Targeted Maximum Likelihood Estimation and Ensemble Learning for Community-Level Data and Healthcare Claims Data
This dissertation discusses the Targeted maximum Likelihood Estimation (TMLE) and ensemble learning for community-level data and healthcare claims data, along with the conduct of simulation studies and practical examples for causal inference research in medical data. Specifically, we resolve two common questions: how to estimate the community-based causal effect of community-level stochastic interventions, and how to take advantage of data-adaptive ensemble learning to problems of estimation in public health data.
Chapter 1 begins by reviewing the targeted maximum likelihood estimation (TMLE). We also provide a more detailed summary to each of the rest of the chapters.
Chapter 2 studies the framework for target maximum likelihood estimation and statistical inference for the causal effects of community-level treatments on individual-level outcomes where the outcomes could be correlated because of the interactions among individuals from the same communities and the shared community-level covariates. This chapter presents a new solution that considers the case in which the treatment mechanism may cause stochastically assigned exposures and the corresponding causal parameter may require a more easily achievable positivity assumption. Given two different structural equation models, we develop two semi-parametric efficient TMLEs for the estimation of such a community-based causal effect. The proposed TMLEs have several crucial advantages. First, both TMLEs can make use of individual level data in the hierarchical setting, and potentially reduce finite sample bias and improve estimator efficiency. Second, the stochastic intervention framework provides a natural way for defining and estimating casual effects where the exposure variables are continuous or discrete with multiple levels, or even cannot be directly intervened on. Also, the positivity assumption needed for our proposed causal parameters can be weaker than the version of positivity required for other casual parameters.

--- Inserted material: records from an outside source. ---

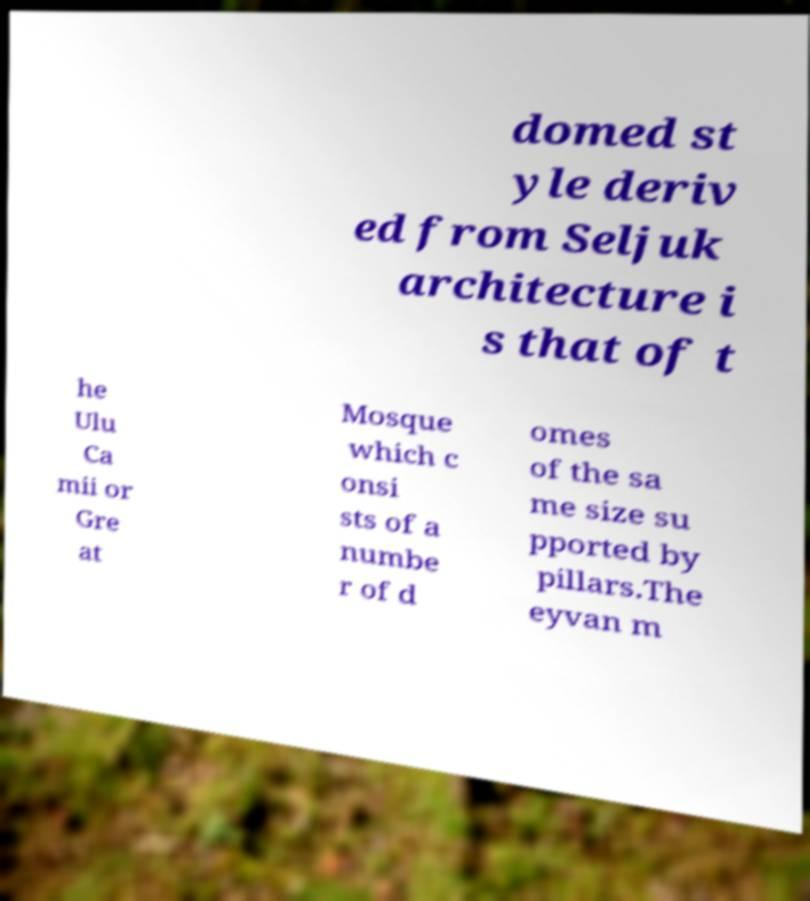Could you extract and type out the text from this image? domed st yle deriv ed from Seljuk architecture i s that of t he Ulu Ca mii or Gre at Mosque which c onsi sts of a numbe r of d omes of the sa me size su pported by pillars.The eyvan m 
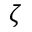Convert formula to latex. <formula><loc_0><loc_0><loc_500><loc_500>\zeta</formula> 
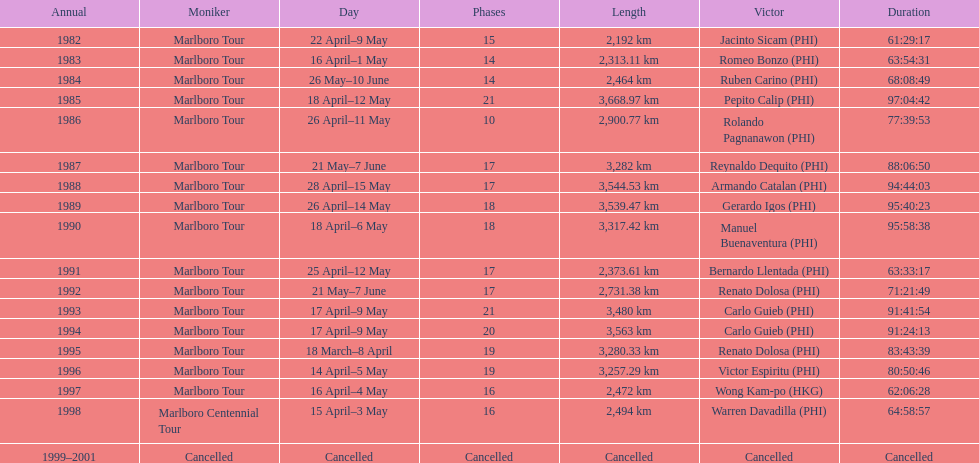How many marlboro tours did carlo guieb win? 2.

Chapter 3 builds on the work described in Chapter 2 and presents an open-source software tool for implementing TMLE of the average causal effect of community-level intervention(s) at a single time point. This software supports a wide variety of TMLE implementations. For example, the package supports univariate or multivariate arbitrary (i.e., static, dynamic or stochastic) interventions with a binary or continuous outcome. It also allows users to use either weighted intercept-based TMLE or unweighted covariate-based TMLE.
In Chapter 4, we propose a new ensemble approach to gain a better understanding of the natural history of nonalcoholic steatohepatitis (NASH). Super Learner (SL) is an ensemble method that uses V-folds cross-validation to build the optimal weighted combination of the predicted values from a library of user-specified prediction algorithms. Because data-adaptive methods are allowed in a SL library, SL can be used to avoid unrealistic parametric assumptions without overfitting the data in practice. This proposed AUC-maximizing ensemble approach couples each prediction model with a comprehensive feature selection algorithm, including Bayesian risk ratio method, column sparsity based regularization, and L1 regularization.